A Box that Controls a Building
Figuring out exactly how to achieve that, particularly in very large, multi-use buildings, is one of the ambitious goals of energy efficiency experts at Sutardja Dai Hall, the newest research facility on the campus of the University of California, Berkeley (UCB). Outfitted with a Siemens Apogee automation system, Sutardja Dai functions as a test bed for building-to-grid technologies such as automated demand response (ADR). In order to ensure that a building’s response to changing electricity prices is both automated and intelligent, Siemens is working with UCB to test what it calls a “Smart Energy Box” at Sutardja Dai. “The idea is that when a peak is predicted, the Box goes through a library of scenarios that range from reduced cooling and lighting in non-critical areas to a finely-tuned, distributed response that can include almost anything that’s plugged into a wall socket. It takes expected prices and weather conditions into account, including where the sun will be in relation to the building during a DR event,” explains Lo, “Finally, it chooses the best scenario and implements it.”

To achieve such a response without inconveniencing building occupants can be a tricky task.  It calls for the ability to learn from the schedules, habits and energy priorities of different departments within a building. Excluding those areas of a building that are off limits in terms of power adjustments because of vital or very high-value functions, the Energy Box minimizes inconvenience by maximizing the distribution of its demand response over as many systems as possible.

Essential to this entire process is a protocol that allows building automation systems to read ADR signals from utilities.
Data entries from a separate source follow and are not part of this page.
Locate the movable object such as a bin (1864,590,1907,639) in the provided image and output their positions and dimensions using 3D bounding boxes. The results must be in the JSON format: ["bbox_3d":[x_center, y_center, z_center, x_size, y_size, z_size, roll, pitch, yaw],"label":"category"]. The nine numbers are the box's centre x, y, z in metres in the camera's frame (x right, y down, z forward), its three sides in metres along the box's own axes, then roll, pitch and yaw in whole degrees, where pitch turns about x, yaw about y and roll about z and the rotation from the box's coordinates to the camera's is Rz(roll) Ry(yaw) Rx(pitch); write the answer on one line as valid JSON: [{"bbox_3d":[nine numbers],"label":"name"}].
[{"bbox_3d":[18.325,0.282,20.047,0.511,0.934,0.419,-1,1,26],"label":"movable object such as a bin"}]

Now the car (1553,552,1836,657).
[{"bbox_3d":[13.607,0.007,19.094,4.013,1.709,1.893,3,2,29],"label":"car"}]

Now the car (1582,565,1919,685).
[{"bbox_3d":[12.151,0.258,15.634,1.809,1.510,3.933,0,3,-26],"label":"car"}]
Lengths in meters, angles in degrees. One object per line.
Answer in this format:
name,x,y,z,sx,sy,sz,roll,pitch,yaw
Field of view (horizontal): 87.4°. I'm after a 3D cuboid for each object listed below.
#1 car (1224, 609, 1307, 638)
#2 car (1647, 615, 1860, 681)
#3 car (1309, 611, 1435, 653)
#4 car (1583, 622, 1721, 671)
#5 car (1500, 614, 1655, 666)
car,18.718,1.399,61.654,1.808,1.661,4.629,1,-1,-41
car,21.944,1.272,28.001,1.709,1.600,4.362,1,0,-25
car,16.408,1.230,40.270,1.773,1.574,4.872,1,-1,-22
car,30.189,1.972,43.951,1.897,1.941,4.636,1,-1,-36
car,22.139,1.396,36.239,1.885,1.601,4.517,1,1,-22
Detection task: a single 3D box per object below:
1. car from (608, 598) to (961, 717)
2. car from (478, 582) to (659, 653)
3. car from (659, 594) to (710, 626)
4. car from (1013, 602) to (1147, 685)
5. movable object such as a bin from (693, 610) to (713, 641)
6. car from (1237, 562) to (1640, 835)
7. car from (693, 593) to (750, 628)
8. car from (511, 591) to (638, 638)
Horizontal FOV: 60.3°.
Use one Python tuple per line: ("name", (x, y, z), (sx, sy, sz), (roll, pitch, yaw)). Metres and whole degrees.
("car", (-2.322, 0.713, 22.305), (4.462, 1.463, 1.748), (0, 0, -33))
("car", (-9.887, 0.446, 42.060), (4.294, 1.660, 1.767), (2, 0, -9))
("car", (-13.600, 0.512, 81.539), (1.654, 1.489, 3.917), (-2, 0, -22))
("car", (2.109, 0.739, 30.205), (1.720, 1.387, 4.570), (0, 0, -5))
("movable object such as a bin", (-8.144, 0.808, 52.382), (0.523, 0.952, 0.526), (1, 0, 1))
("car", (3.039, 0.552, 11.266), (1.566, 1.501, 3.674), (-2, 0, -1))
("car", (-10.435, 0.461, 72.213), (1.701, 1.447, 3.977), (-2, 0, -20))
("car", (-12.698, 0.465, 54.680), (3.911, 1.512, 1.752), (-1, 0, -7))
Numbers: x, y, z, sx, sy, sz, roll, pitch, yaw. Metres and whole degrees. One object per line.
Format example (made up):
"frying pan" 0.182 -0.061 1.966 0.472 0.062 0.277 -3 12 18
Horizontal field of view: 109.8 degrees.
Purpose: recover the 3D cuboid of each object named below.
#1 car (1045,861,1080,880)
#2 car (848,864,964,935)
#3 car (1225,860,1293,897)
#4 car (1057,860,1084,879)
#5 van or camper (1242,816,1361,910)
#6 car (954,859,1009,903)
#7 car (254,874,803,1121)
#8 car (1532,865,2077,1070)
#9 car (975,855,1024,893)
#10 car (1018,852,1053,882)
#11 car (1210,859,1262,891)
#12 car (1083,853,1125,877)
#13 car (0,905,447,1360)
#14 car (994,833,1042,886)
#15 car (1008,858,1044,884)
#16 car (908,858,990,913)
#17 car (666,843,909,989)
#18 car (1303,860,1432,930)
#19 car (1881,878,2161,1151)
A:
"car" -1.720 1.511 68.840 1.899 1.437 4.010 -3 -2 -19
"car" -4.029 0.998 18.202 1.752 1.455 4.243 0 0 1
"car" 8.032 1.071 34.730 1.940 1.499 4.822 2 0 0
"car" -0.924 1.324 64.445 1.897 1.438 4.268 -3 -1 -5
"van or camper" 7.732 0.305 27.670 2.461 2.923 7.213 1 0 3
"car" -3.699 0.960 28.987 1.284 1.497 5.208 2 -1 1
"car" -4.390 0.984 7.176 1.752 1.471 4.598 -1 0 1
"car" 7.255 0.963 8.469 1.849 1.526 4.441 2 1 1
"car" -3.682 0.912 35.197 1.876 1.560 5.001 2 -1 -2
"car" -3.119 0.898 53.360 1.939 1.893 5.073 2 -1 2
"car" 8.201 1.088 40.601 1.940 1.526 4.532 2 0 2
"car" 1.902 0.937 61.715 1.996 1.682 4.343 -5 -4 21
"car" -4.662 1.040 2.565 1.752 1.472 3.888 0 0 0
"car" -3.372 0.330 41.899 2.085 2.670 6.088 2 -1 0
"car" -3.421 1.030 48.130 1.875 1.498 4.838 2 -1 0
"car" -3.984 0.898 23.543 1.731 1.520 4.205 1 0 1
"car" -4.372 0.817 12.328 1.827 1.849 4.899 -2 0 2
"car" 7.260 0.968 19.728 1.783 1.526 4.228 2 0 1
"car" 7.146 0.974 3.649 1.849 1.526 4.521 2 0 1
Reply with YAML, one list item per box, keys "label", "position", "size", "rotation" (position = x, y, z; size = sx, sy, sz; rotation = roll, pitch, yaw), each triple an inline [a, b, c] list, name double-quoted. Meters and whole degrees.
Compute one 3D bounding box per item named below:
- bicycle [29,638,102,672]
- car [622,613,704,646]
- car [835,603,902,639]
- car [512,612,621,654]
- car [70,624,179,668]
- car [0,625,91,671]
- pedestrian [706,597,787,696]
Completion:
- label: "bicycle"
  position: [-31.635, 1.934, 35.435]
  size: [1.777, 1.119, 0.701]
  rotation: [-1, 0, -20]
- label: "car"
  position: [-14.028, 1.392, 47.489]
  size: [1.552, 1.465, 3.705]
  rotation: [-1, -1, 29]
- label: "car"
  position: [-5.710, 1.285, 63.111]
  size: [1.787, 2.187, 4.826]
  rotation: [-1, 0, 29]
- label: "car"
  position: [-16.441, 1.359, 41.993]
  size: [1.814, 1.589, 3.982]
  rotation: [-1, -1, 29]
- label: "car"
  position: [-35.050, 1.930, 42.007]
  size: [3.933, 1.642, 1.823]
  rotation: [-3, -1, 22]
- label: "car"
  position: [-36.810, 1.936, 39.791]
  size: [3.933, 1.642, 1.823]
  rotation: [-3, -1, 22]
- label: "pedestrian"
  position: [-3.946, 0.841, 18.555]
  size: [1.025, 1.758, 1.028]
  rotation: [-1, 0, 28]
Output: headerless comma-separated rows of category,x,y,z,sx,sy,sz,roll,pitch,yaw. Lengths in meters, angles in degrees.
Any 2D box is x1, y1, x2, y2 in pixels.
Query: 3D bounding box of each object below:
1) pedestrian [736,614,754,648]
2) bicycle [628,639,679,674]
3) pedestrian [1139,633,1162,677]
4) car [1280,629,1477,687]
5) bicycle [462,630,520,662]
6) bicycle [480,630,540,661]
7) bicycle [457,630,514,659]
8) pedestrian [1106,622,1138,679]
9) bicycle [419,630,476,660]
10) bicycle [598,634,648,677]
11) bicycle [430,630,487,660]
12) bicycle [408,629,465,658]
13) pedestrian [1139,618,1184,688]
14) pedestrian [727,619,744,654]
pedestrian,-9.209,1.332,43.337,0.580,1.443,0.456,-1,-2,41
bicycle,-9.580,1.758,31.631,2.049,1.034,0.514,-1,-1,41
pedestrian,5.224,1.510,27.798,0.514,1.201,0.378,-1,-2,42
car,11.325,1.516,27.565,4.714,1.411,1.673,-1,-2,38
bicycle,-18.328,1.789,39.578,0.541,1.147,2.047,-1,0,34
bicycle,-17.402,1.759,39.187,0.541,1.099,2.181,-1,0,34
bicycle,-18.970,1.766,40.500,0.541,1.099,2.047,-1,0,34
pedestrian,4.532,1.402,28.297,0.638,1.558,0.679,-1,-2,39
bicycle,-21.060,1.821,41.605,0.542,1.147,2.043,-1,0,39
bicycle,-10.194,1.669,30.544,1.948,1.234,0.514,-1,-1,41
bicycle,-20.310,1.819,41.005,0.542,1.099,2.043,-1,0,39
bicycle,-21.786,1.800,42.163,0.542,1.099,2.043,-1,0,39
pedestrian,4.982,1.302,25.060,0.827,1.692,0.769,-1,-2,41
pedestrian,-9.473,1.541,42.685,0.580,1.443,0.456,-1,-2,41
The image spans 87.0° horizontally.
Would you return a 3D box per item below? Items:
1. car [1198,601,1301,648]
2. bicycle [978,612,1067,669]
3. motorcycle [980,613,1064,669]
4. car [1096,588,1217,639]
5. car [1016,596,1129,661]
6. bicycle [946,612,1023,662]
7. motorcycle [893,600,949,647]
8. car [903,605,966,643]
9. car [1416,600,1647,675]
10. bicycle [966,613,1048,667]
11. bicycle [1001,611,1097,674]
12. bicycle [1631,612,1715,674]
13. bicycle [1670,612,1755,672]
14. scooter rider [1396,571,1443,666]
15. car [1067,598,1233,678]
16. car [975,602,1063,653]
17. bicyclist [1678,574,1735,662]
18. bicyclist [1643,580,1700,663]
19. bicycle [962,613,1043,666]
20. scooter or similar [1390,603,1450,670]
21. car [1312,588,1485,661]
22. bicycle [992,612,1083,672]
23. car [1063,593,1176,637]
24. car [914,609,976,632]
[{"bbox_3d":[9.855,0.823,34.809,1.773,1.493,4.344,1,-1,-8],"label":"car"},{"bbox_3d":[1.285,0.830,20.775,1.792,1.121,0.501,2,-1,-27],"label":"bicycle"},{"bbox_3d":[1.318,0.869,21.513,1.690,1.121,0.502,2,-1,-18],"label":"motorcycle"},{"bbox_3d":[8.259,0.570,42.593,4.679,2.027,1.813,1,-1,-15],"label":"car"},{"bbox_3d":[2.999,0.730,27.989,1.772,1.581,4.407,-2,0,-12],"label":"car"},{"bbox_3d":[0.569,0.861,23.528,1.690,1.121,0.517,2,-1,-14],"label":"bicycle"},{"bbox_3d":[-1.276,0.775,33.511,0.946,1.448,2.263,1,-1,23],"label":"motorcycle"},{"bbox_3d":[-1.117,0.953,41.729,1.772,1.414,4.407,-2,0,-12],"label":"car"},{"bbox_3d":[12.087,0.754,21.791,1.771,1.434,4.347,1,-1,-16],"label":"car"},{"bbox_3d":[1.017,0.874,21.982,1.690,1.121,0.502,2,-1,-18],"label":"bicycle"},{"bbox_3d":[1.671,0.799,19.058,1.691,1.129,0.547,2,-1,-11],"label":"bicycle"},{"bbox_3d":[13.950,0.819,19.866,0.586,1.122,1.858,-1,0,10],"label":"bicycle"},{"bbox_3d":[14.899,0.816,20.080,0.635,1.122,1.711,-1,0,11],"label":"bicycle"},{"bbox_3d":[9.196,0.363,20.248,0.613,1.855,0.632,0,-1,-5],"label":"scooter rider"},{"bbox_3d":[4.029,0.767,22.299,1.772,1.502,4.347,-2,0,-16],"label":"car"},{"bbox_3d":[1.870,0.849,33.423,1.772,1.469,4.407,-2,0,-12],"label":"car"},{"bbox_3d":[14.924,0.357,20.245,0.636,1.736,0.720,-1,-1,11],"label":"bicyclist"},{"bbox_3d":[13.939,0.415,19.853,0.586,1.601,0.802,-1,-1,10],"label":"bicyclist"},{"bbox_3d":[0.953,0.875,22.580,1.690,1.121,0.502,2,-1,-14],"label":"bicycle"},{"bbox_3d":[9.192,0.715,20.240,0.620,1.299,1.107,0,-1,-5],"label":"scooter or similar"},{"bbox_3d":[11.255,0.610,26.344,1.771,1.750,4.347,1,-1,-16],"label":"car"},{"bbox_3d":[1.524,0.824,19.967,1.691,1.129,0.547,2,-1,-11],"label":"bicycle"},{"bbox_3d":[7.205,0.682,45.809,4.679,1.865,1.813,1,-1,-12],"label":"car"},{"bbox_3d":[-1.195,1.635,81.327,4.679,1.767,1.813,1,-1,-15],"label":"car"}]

Developed by the Lawrence Berkeley National Laboratory (LBNL) and recently adopted by the U.S. Department of Energy, the protocol is rapidly moving toward worldwide acceptance and may well become the standard for building-to-grid communications. “This is extremely important,” says Prof. David M. Auslander of the UCB Mechanical Engineering Department and a key advocate of the university’s participation in this technology. “LBNL is testing ADR at several hundred facilities. And Sutardja Dai Hall is one of them – thanks to the Energy Box. The issue here is that the wholesale price of electricity varies from minute to minute, but its retail price often looks flat. The Energy Box could change that – essentially transforming electricity from a fixed part of overhead to an expense that can be actively managed.”

Adds Sutardja Dai Building Manager Domenico Caramagno, “Thousands of buildings could benefit from this box, not only to shed load during DR events and thus benefit from cash incentives from utilities, but to maximize their energy savings around the clock. That is the direction we are heading.”